Menurut Chaniotis, hukum Ilahi terkenal karena sifatnya yang tidak fleksibel.[6] Pengenalan penafsiran ke dalam hukum Ilahi merupakan isu kontroversial, karena umat beriman sangat mementingkan kepatuhan terhadap hukum secara tepat. [7] Penentang penerapan hukum ilahi biasanya menyangkal bahwa hukum itu murni ilahi dan menunjukkan pengaruh manusia dalam hukum tersebut. Para penentang ini menggolongkan undang-undang tersebut sebagai milik tradisi budaya tertentu.
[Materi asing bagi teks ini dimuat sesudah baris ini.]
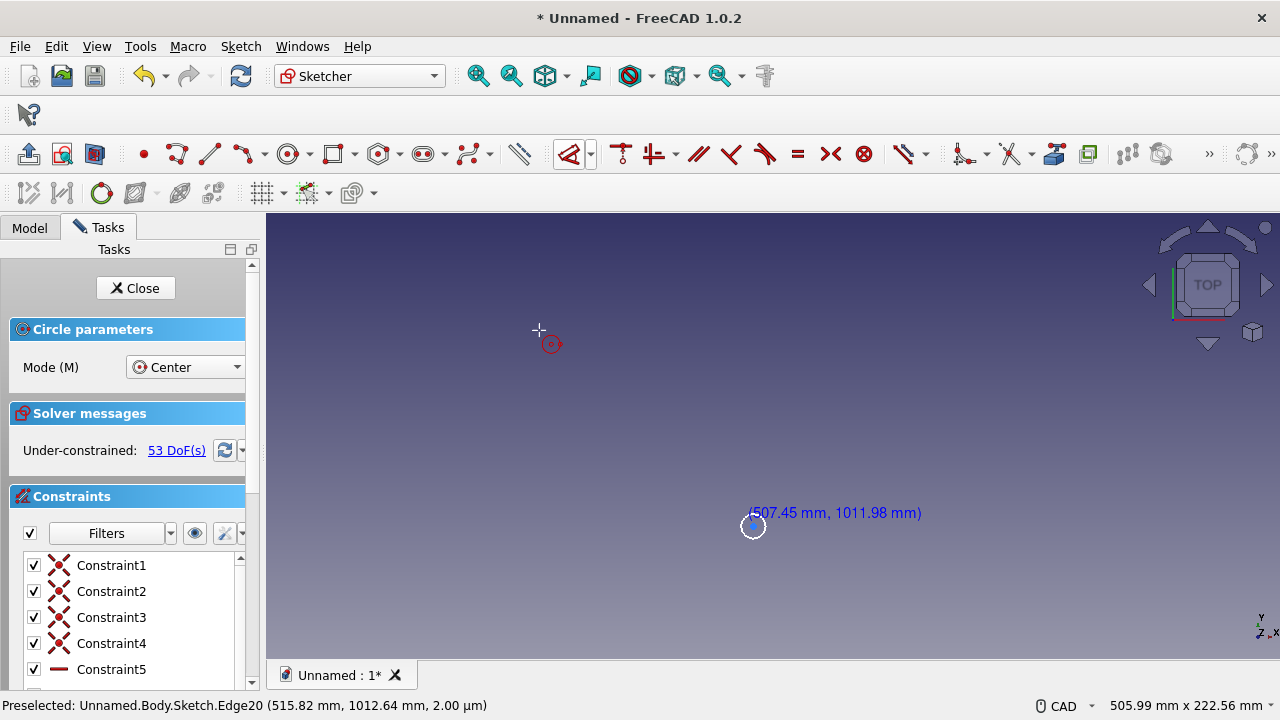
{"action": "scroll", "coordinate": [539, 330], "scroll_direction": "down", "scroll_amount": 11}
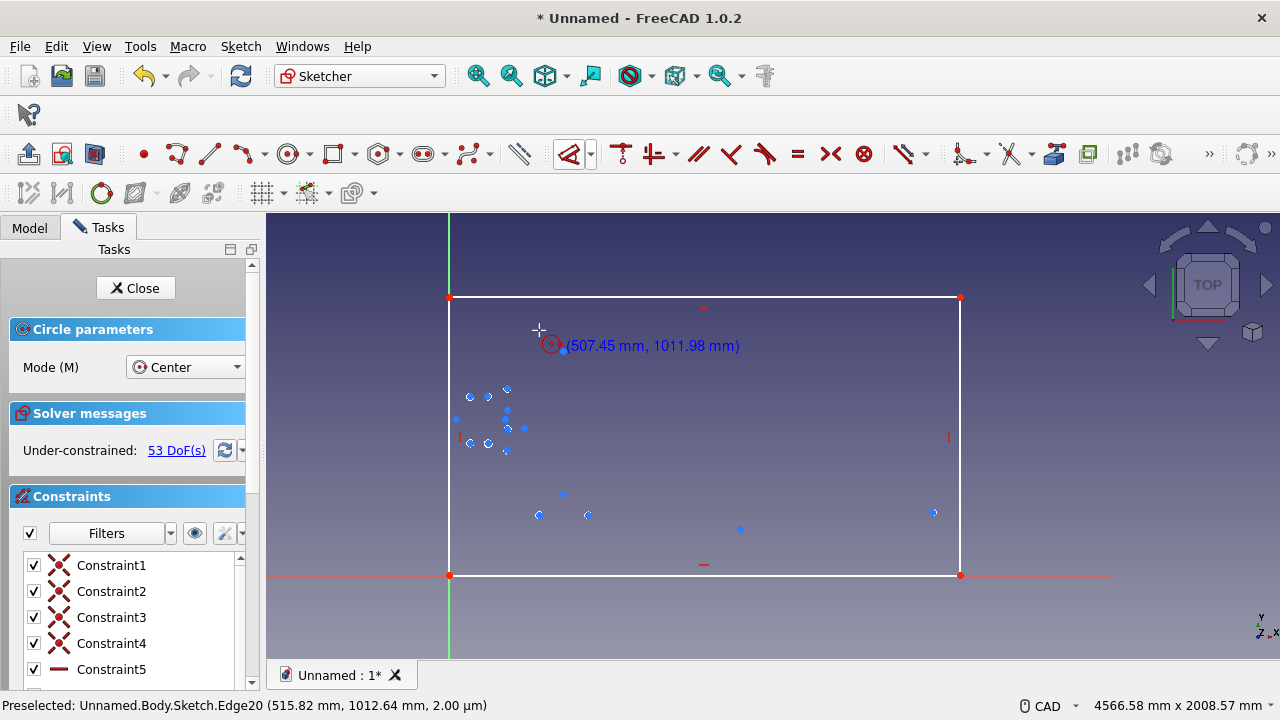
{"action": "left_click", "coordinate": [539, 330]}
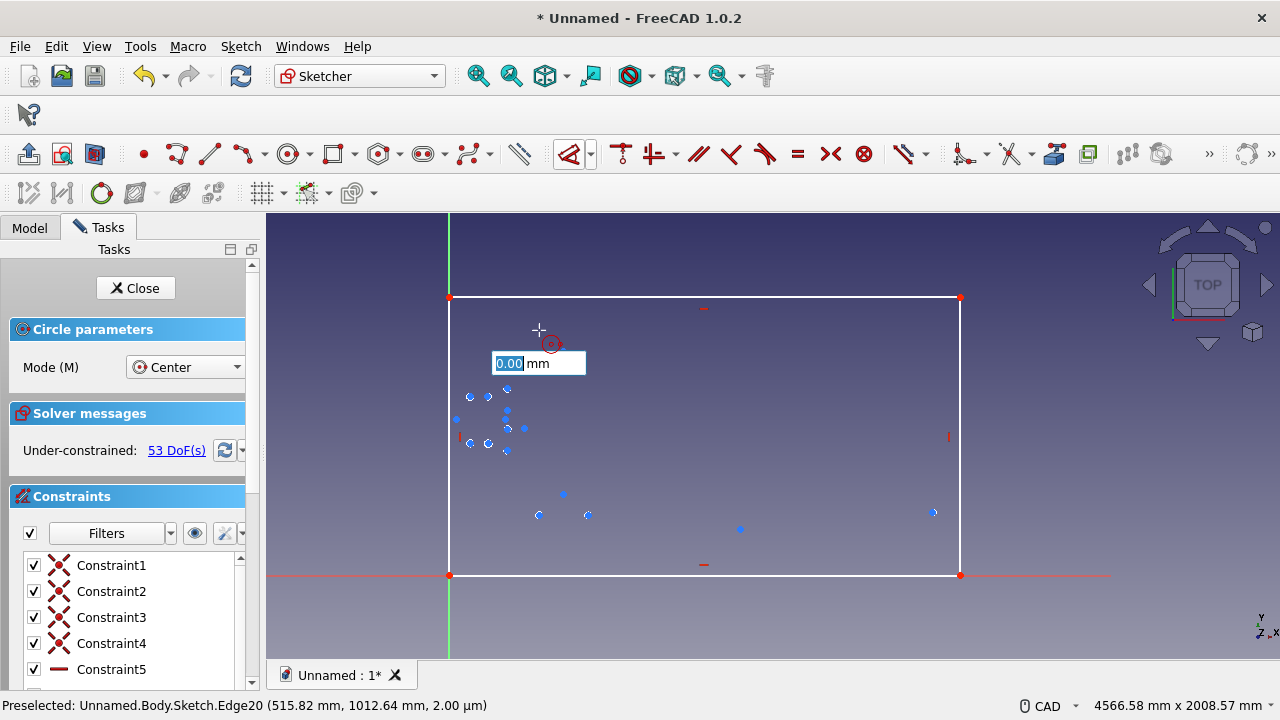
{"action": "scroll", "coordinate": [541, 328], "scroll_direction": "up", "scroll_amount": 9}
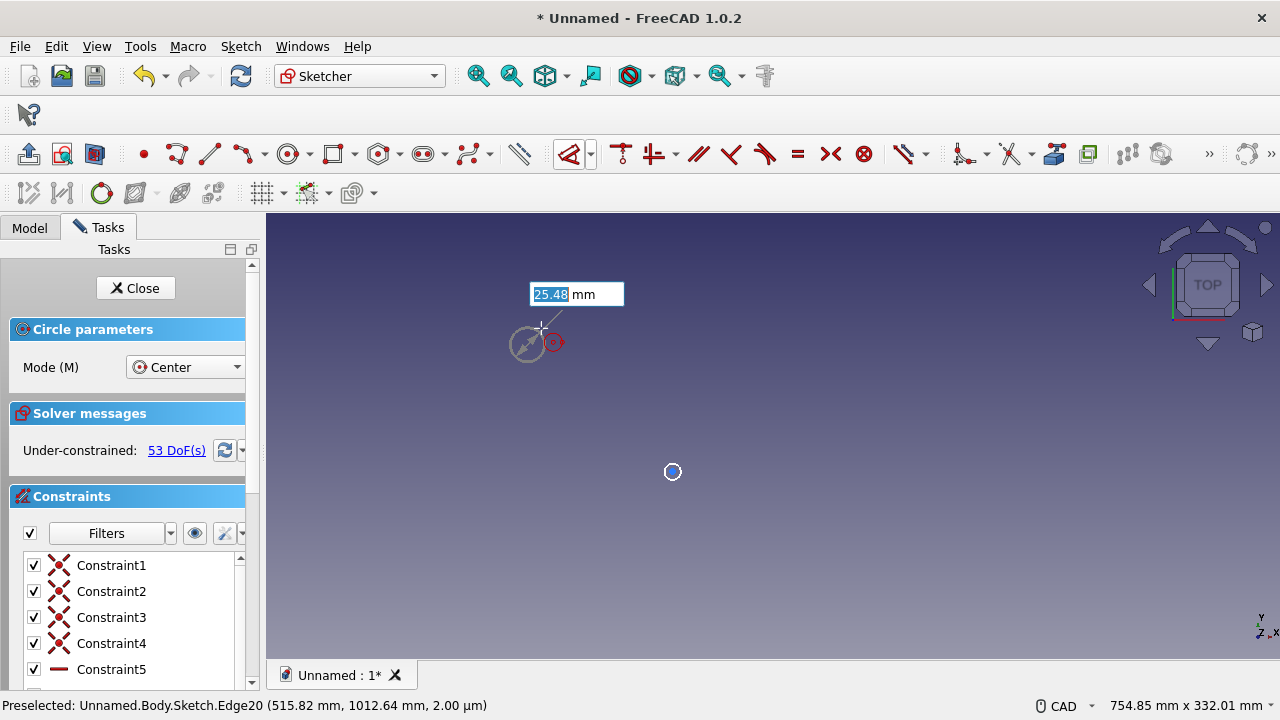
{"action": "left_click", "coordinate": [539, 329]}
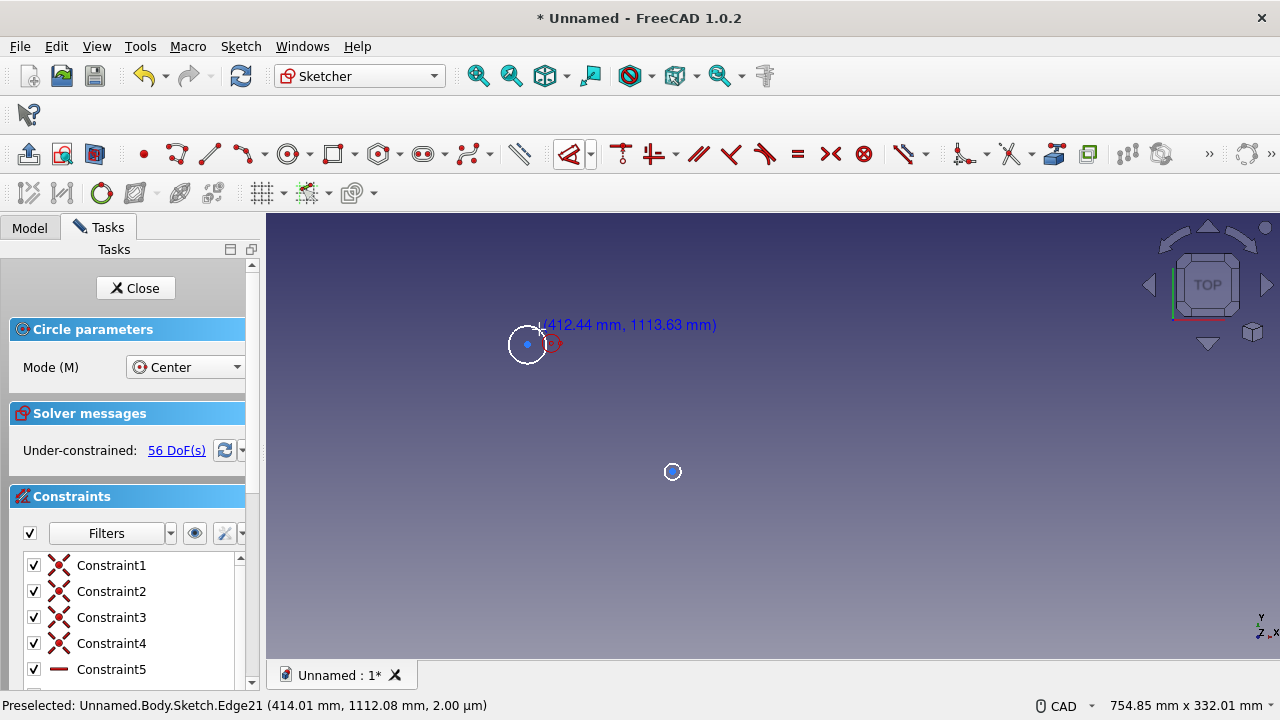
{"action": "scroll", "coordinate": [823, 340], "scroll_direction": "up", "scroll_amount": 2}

Sebaliknya, penganut hukum ketuhanan terkadang enggan untuk mengadaptasi hukum ketuhanan yang tidak fleksibel terhadap konteks budaya.[8]

Gereja Katolik di abad pertengahan mengasumsikan adanya tiga jenis hukum: hukum ilahi, hukum alam, dan hukum buatan manusia.[4] Para teolog memiliki secara substansial memperdebatkan ruang lingkup hukum alam, dengan Pencerahan mendorong penggunaan akal yang lebih besar dan memperluas ruang lingkup hukum alam dan meminggirkan hukum ilahi dalam proses sekularisasi.[9]Templat:Kutipan tambahan diperlukan Karena otoritas hukum ketuhanan berakarTemplat:Sehari-hari pada sumbernya, asal usul dan sejarah transmisi hukum ketuhanan menjadi penting.[10][a]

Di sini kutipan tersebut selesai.